▸ WHAT IS NEEDED
What is needed is an exact copy of the entries below, from the line that contains "HFOV = 36.8" through the final line, both included, and nothing else.

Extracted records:
● ● ●

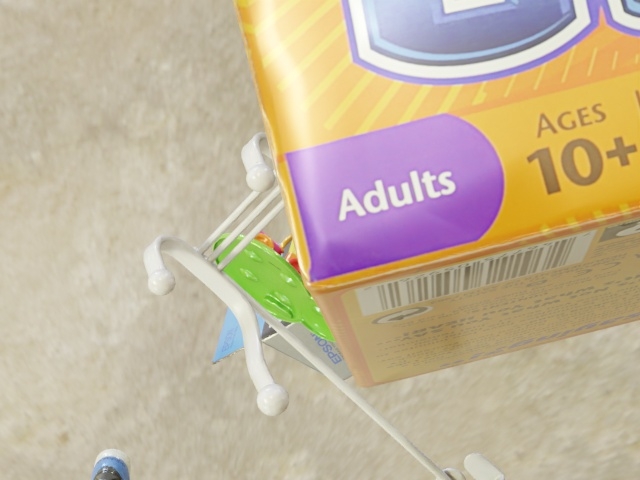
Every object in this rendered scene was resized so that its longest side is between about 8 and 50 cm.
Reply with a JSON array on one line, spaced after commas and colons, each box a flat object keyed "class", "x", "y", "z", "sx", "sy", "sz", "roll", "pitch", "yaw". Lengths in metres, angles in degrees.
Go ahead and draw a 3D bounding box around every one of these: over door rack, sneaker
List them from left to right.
[{"class": "sneaker", "x": -0.233, "y": 0.318, "z": 1.767, "sx": 0.058, "sy": 0.084, "sz": 0.152, "roll": 2, "pitch": 114, "yaw": 2}, {"class": "over door rack", "x": 0.076, "y": 0.042, "z": 1.048, "sx": 0.324, "sy": 0.108, "sz": 0.239, "roll": 37, "pitch": 118, "yaw": -17}]

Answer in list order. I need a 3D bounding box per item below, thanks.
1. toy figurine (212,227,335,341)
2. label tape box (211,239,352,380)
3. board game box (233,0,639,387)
[{"class": "toy figurine", "x": 0.000, "y": 0.000, "z": 1.691, "sx": 0.173, "sy": 0.130, "sz": 0.159, "roll": 34, "pitch": 62, "yaw": 11}, {"class": "label tape box", "x": 0.050, "y": 0.042, "z": 1.857, "sx": 0.333, "sy": 0.240, "sz": 0.106, "roll": -31, "pitch": 111, "yaw": 22}, {"class": "board game box", "x": 0.137, "y": -0.158, "z": 0.752, "sx": 0.356, "sy": 0.356, "sz": 0.356, "roll": -14, "pitch": 78, "yaw": 1}]
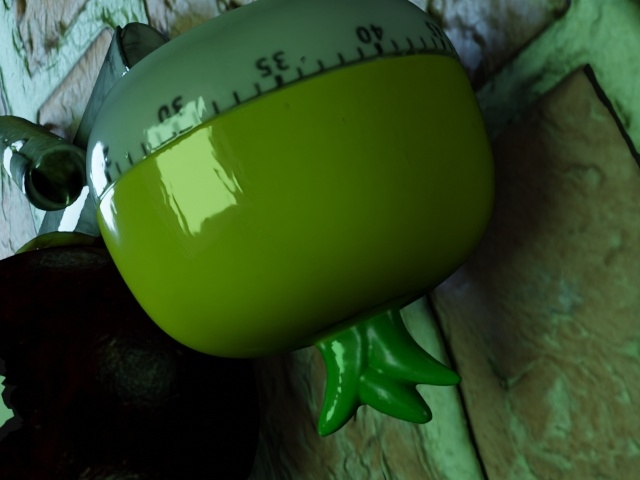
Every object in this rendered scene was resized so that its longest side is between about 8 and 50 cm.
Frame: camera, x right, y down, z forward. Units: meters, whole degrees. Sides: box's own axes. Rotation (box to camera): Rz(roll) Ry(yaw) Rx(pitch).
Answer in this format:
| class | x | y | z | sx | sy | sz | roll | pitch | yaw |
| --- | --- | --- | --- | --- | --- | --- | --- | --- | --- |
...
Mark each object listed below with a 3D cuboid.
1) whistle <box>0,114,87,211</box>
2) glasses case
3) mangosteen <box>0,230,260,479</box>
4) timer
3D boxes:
| class | x | y | z | sx | sy | sz | roll | pitch | yaw |
| --- | --- | --- | --- | --- | --- | --- | --- | --- | --- |
| whistle | -0.288 | -0.086 | 1.372 | 0.326 | 0.068 | 0.057 | -149 | 49 | -68 |
| glasses case | -0.210 | -0.063 | 1.335 | 0.299 | 0.060 | 0.114 | -61 | 39 | 37 |
| mangosteen | -0.201 | 0.123 | 1.161 | 0.347 | 0.307 | 0.307 | -85 | 20 | -49 |
| timer | 0.000 | 0.000 | 0.887 | 0.285 | 0.285 | 0.285 | 7 | 98 | 54 |
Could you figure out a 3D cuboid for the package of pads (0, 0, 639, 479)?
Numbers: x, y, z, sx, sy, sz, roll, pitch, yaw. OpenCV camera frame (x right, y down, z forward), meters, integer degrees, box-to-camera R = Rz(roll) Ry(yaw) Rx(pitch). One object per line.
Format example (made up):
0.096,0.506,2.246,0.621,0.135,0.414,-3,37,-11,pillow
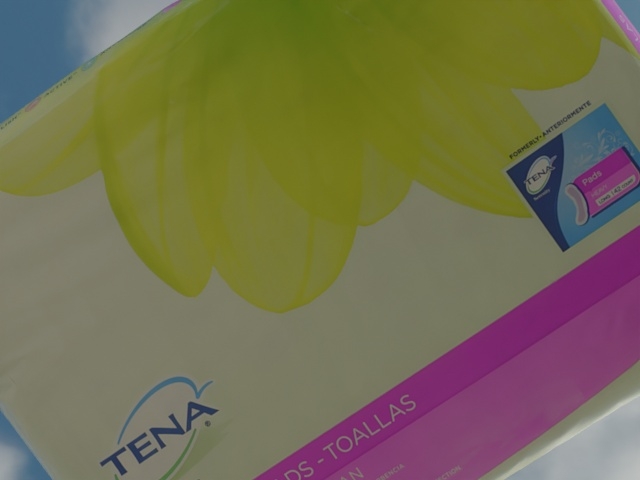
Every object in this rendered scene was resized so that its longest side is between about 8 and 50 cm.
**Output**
0.000,0.000,0.533,0.296,0.101,0.229,-36,-89,13,package of pads
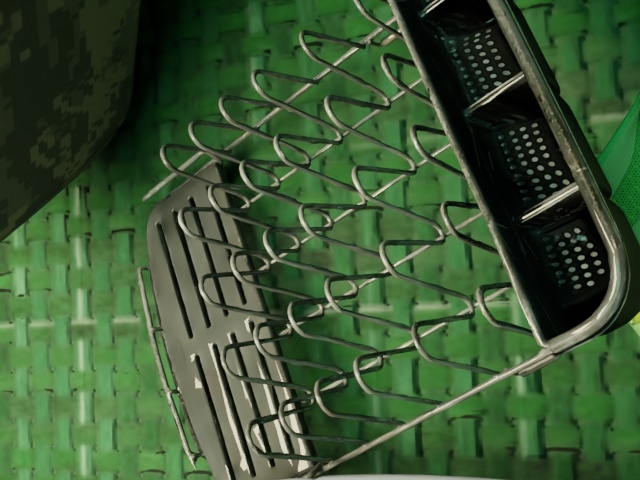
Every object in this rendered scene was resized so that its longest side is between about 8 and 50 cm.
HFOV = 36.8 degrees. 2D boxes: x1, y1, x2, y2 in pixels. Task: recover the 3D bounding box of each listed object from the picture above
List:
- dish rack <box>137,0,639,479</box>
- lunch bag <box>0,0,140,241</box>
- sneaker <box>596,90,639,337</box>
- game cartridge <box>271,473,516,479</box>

● ● ●

▸ RESULT OF THIS TASK
HFOV = 36.8 degrees. 2D boxes: x1, y1, x2, y2 in pixels. Task: recover the 3D bounding box of each listed object from the picture above
List:
- dish rack <box>137,0,639,479</box>
- lunch bag <box>0,0,140,241</box>
- sneaker <box>596,90,639,337</box>
- game cartridge <box>271,473,516,479</box>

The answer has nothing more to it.